EXERCISE GOAL: Return the records as they stand. No picture is to be included.

RECORDS FOR THE TASK:
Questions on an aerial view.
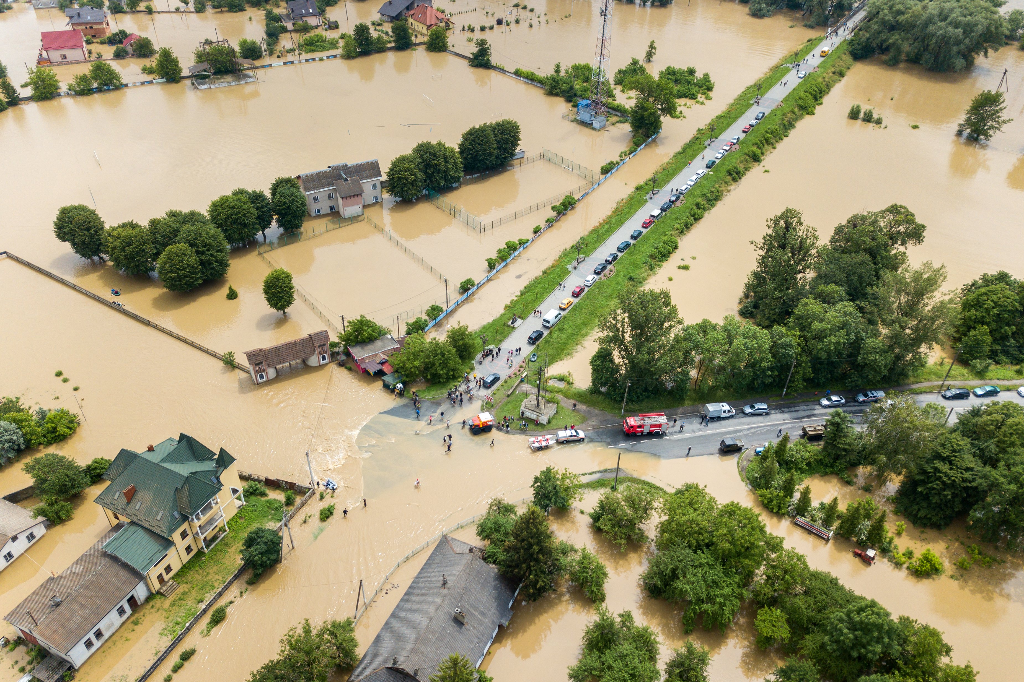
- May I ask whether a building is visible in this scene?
Yes
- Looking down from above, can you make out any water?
Yes
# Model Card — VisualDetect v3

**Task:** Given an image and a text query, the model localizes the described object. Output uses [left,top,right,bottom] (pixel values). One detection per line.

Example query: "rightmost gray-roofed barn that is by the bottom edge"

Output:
[346,535,526,682]
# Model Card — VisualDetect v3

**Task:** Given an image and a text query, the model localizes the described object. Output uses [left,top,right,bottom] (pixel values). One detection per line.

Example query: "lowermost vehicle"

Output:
[842,548,876,571]
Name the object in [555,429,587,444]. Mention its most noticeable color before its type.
white vehicle
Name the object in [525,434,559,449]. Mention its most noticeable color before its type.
white boat
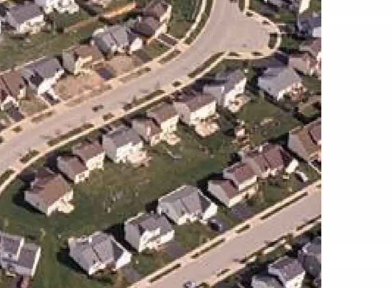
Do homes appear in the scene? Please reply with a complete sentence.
Yes, the photo shows a home.
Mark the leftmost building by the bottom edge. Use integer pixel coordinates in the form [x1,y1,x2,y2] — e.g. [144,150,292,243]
[0,242,43,288]
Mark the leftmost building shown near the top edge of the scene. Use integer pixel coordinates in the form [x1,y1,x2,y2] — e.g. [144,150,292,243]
[0,5,45,42]
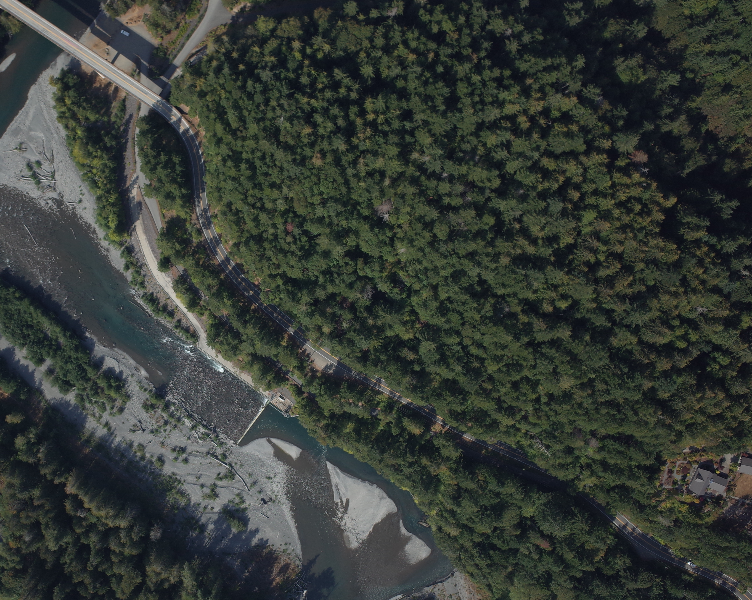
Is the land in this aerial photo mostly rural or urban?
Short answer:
rural
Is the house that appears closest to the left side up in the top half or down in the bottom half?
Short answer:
bottom
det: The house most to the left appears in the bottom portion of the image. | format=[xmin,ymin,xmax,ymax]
[687,468,728,496]
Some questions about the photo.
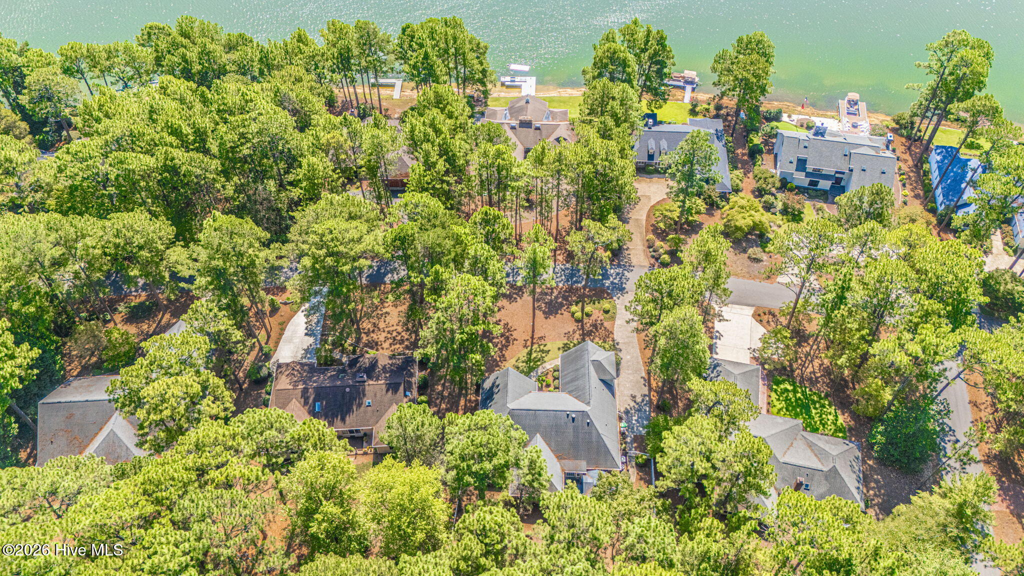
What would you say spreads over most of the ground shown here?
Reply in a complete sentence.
Most of the picture is covered by trees.
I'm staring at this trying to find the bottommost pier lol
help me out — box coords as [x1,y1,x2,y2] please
[838,98,870,136]
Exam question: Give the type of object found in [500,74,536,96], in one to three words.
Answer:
pier
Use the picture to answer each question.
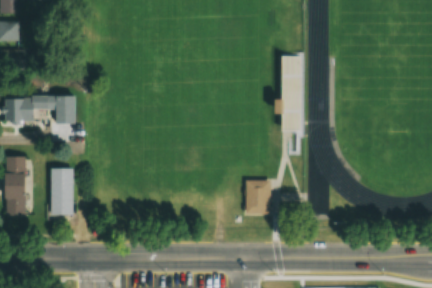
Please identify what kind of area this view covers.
sports ground
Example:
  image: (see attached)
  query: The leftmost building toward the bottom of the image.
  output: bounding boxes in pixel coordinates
[4,157,25,216]
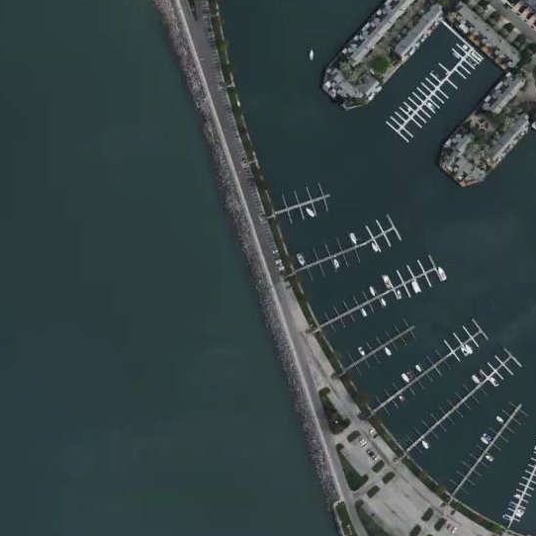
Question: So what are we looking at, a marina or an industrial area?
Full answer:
The picture captures a marina.
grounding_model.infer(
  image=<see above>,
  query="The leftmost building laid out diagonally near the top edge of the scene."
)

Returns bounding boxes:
[336,0,411,66]
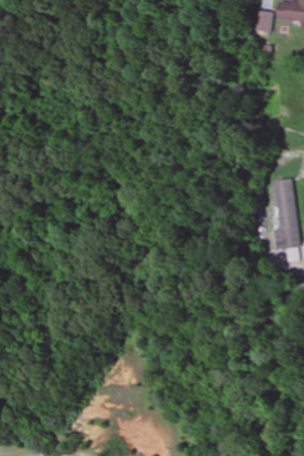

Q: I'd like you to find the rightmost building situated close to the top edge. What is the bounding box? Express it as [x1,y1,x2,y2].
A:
[275,0,304,24]
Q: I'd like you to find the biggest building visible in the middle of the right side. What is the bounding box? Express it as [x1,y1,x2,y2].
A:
[272,178,298,246]
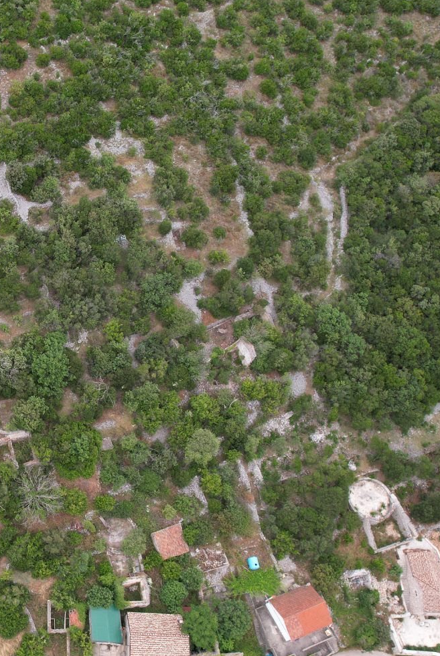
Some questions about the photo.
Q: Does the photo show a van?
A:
No
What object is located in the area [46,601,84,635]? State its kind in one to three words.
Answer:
shed
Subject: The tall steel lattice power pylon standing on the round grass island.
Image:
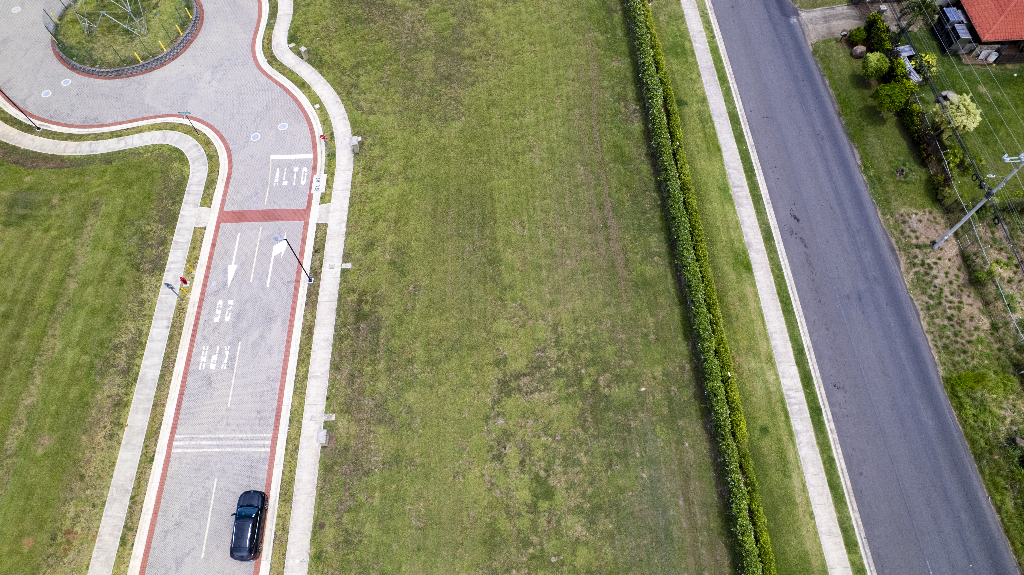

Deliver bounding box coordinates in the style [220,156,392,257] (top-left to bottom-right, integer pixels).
[66,0,149,37]
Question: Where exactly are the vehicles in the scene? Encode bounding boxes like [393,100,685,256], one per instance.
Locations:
[228,491,269,565]
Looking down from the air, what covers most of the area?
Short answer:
grass
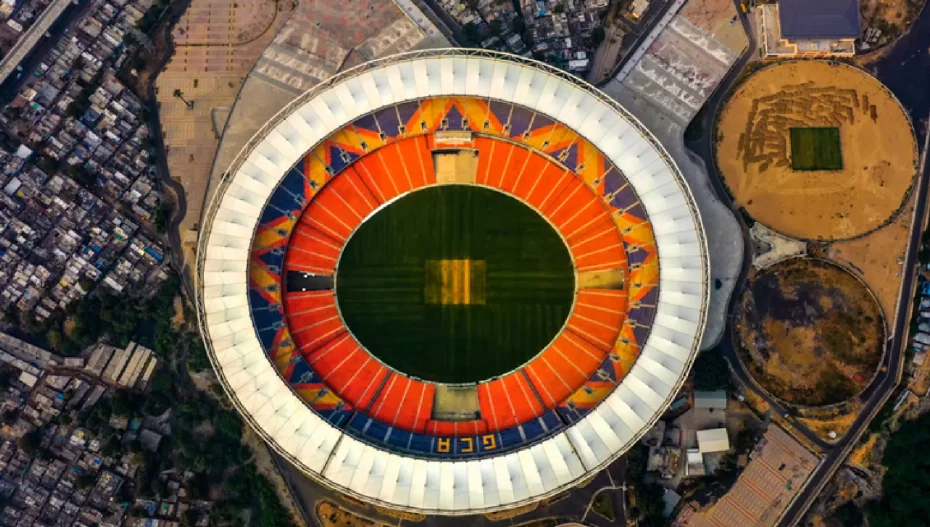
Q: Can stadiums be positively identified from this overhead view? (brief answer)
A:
Yes
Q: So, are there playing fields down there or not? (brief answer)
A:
Yes
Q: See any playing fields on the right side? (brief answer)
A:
Yes
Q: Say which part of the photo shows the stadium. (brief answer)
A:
center
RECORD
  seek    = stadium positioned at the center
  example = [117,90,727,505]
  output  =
[196,46,710,515]
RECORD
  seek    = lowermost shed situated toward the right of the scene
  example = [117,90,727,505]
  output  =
[662,488,684,515]
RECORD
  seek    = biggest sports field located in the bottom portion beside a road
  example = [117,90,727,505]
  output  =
[734,257,887,406]
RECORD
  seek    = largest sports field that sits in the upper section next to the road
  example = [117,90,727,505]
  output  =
[715,57,918,242]
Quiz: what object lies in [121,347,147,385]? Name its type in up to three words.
shed
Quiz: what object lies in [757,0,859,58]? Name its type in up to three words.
building
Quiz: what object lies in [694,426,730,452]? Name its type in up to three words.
shed

RESPONSE TO THE EXERCISE:
Questions on an aerial view.
- May I ask whether a building is visible in this scene?
Yes
- Looking down from above, can you make out any water?
Yes
# Model Card — VisualDetect v3

**Task:** Given an image and a text query, the model localizes the described object. Output uses [left,top,right,bottom] (pixel values). One detection per line.

Example query: "rightmost gray-roofed barn that is by the bottom edge"

Output:
[346,535,526,682]
# Model Card — VisualDetect v3

**Task:** Given an image and a text query, the model localizes the described object. Output uses [left,top,right,bottom] (pixel values). One detection per line.

Example query: "lowermost vehicle"

Output:
[842,548,876,571]
Name the object in [555,429,587,444]. Mention its most noticeable color before its type.
white vehicle
Name the object in [525,434,559,449]. Mention its most noticeable color before its type.
white boat
Do homes appear in the scene? Please reply with a complete sentence.
Yes, the photo shows a home.
Mark the leftmost building by the bottom edge. Use integer pixel coordinates in the form [x1,y1,x2,y2] — e.g. [144,150,292,243]
[0,242,43,288]
Mark the leftmost building shown near the top edge of the scene. Use integer pixel coordinates in the form [x1,y1,x2,y2] — e.g. [144,150,292,243]
[0,5,45,42]
Is the land in this aerial photo mostly rural or urban?
Short answer:
rural
Is the house that appears closest to the left side up in the top half or down in the bottom half?
Short answer:
bottom
det: The house most to the left appears in the bottom portion of the image. | format=[xmin,ymin,xmax,ymax]
[687,468,728,496]
Some questions about the photo.
What would you say spreads over most of the ground shown here?
Reply in a complete sentence.
Most of the picture is covered by trees.
I'm staring at this trying to find the bottommost pier lol
help me out — box coords as [x1,y1,x2,y2] please
[838,98,870,136]
Exam question: Give the type of object found in [500,74,536,96], in one to three words.
Answer:
pier
Use the picture to answer each question.
Please identify what kind of area this view covers.
sports ground
Example:
  image: (see attached)
  query: The leftmost building toward the bottom of the image.
  output: bounding boxes in pixel coordinates
[4,157,25,216]
Question: So what are we looking at, a marina or an industrial area?
Full answer:
The picture captures a marina.
grounding_model.infer(
  image=<see above>,
  query="The leftmost building laid out diagonally near the top edge of the scene."
)

Returns bounding boxes:
[336,0,411,66]

Q: I'd like you to find the rightmost building situated close to the top edge. What is the bounding box? Express it as [x1,y1,x2,y2].
A:
[275,0,304,24]
Q: I'd like you to find the biggest building visible in the middle of the right side. What is the bounding box? Express it as [x1,y1,x2,y2].
A:
[272,178,298,246]
Some questions about the photo.
Q: Does the photo show a van?
A:
No
What object is located in the area [46,601,84,635]? State its kind in one to three words.
Answer:
shed
Subject: The tall steel lattice power pylon standing on the round grass island.
Image:

Deliver bounding box coordinates in the style [220,156,392,257] (top-left to bottom-right, integer pixels).
[66,0,149,37]
Question: Where exactly are the vehicles in the scene? Encode bounding boxes like [393,100,685,256], one per instance.
Locations:
[228,491,269,565]
Looking down from the air, what covers most of the area?
Short answer:
grass
Q: Can stadiums be positively identified from this overhead view? (brief answer)
A:
Yes
Q: So, are there playing fields down there or not? (brief answer)
A:
Yes
Q: See any playing fields on the right side? (brief answer)
A:
Yes
Q: Say which part of the photo shows the stadium. (brief answer)
A:
center
RECORD
  seek    = stadium positioned at the center
  example = [117,90,727,505]
  output  =
[196,46,710,515]
RECORD
  seek    = lowermost shed situated toward the right of the scene
  example = [117,90,727,505]
  output  =
[662,488,684,515]
RECORD
  seek    = biggest sports field located in the bottom portion beside a road
  example = [117,90,727,505]
  output  =
[734,257,887,406]
RECORD
  seek    = largest sports field that sits in the upper section next to the road
  example = [117,90,727,505]
  output  =
[715,57,918,242]
Quiz: what object lies in [121,347,147,385]? Name its type in up to three words.
shed
Quiz: what object lies in [757,0,859,58]? Name its type in up to three words.
building
Quiz: what object lies in [694,426,730,452]? Name its type in up to three words.
shed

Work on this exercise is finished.